Not so fast, the Appellate Division said last week in reversing the order of dissolution. Here’s the pertinent excerpt from the decision:
On the basis of this submission alone, Donovan should have been permitted to file an answer, because it raises a factual issue as to whether Cline is a member of PCM and thus has standing to maintain this proceeding. The motion court acknowledged the factual dispute regarding the authenticity of the PCM operating agreement submitted by Donovan, noting that Cline’s assertion that the agreement is fraudulent “is indicative of the litigious nature of their relationship” and that the stated purpose of the agreement militates in favor of dissolution because it would “entail even more cooperation between the members” than would be the case if PCM was formed merely as a passive investment entity, as alleged by Cline. Significantly, the disputed operating agreement specifically addressed by the motion court was not a proper basis for summary adjudication of the petition, but instead, a sound reason to grant Donovan leave to serve an answer. Under such circumstances, where a “factual issue exists which may be raised by answer” (Matter of Lefkowitz v Therapeutic Hypnosis, 52 AD2d 1017, 1018 ), it was improvident for the motion court to deny Donovan’s application for leave to serve an answer (compare Matter of Dodge, 25 NY2d 273, 286-287  and Matter of Cunningham & Kaming, 75 AD2d 521, 522  [where permitting respondent to file an answer would have served no useful purpose]).
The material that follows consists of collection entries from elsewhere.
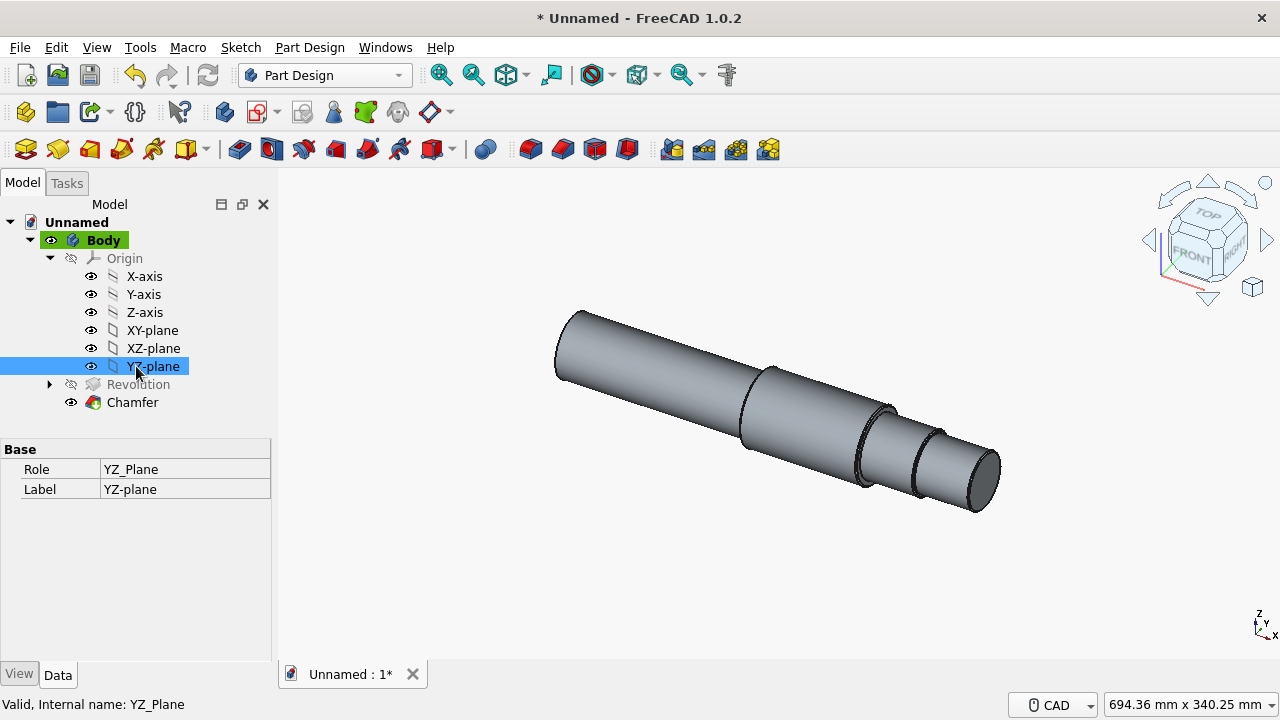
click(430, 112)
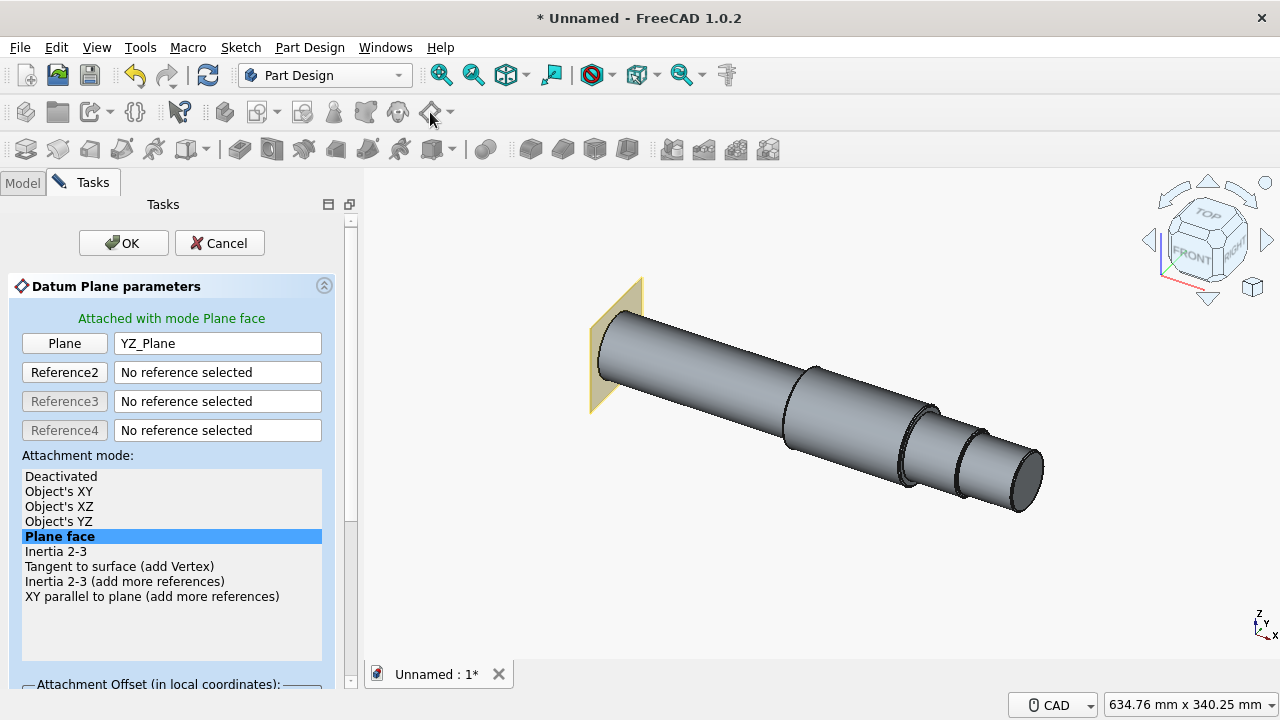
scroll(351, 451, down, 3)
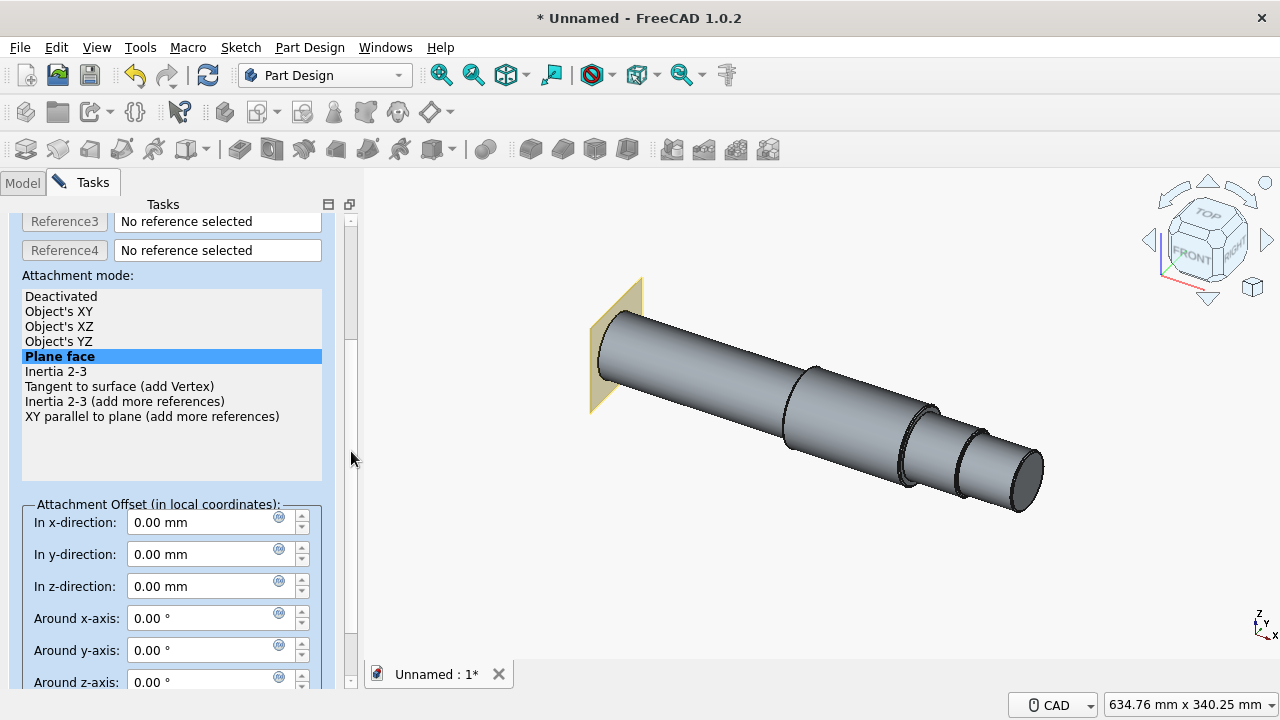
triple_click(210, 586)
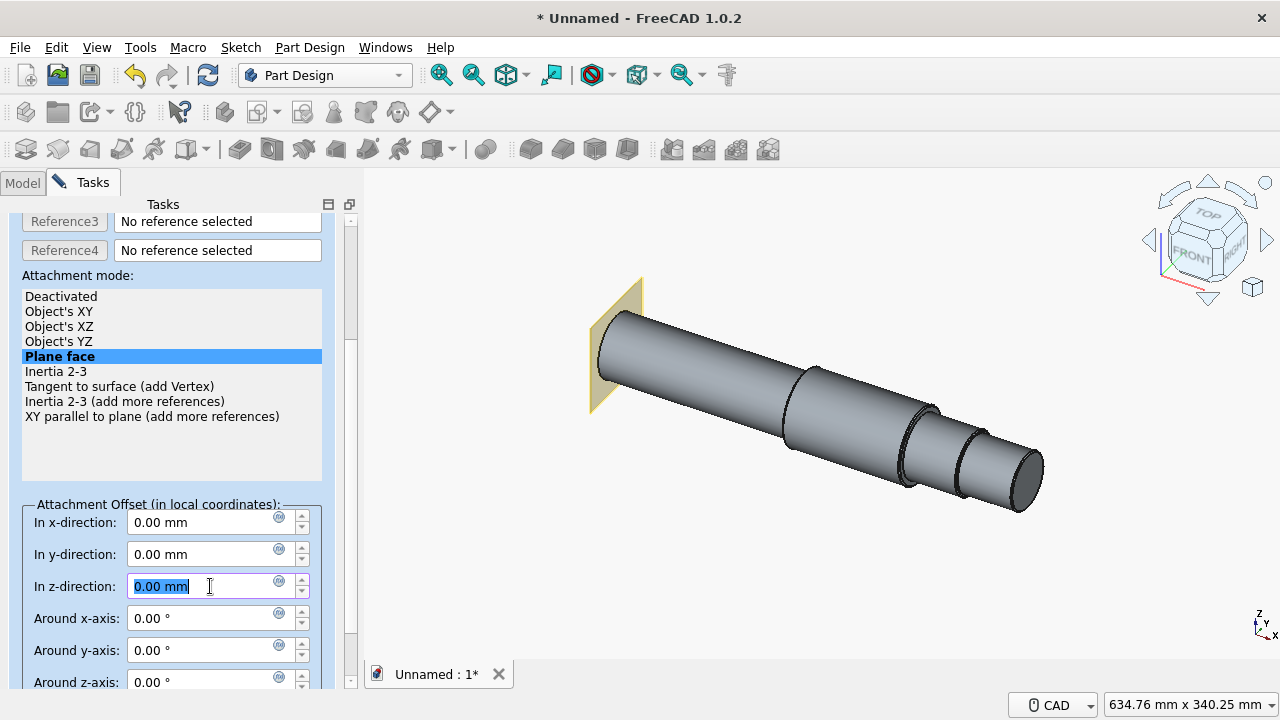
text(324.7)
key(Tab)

Courts generally let litigants chart their own procedural course, and the litigants must abide the consequences of their chosen courses. In Cline, there’s a fascinating interplay of chosen procedure and substance at work. Donovan’s counsel appears to have made a calculated gamble on a first-round knockout by seizing upon Cline’s characterization of the LLC’s purpose as a passive holding company, while deliberately not challenging Cline’s individual standing to seek dissolution based on the (disputed) operating agreement. The lower court upset the calculation when it asked to see the LLC’s operating agreement which, up to that point, neither party perceived as helping his own, immediate objective. Donovan’s gambit backfired when the lower court granted dissolution, but his procedural victory on appeal may allow him to fight another day.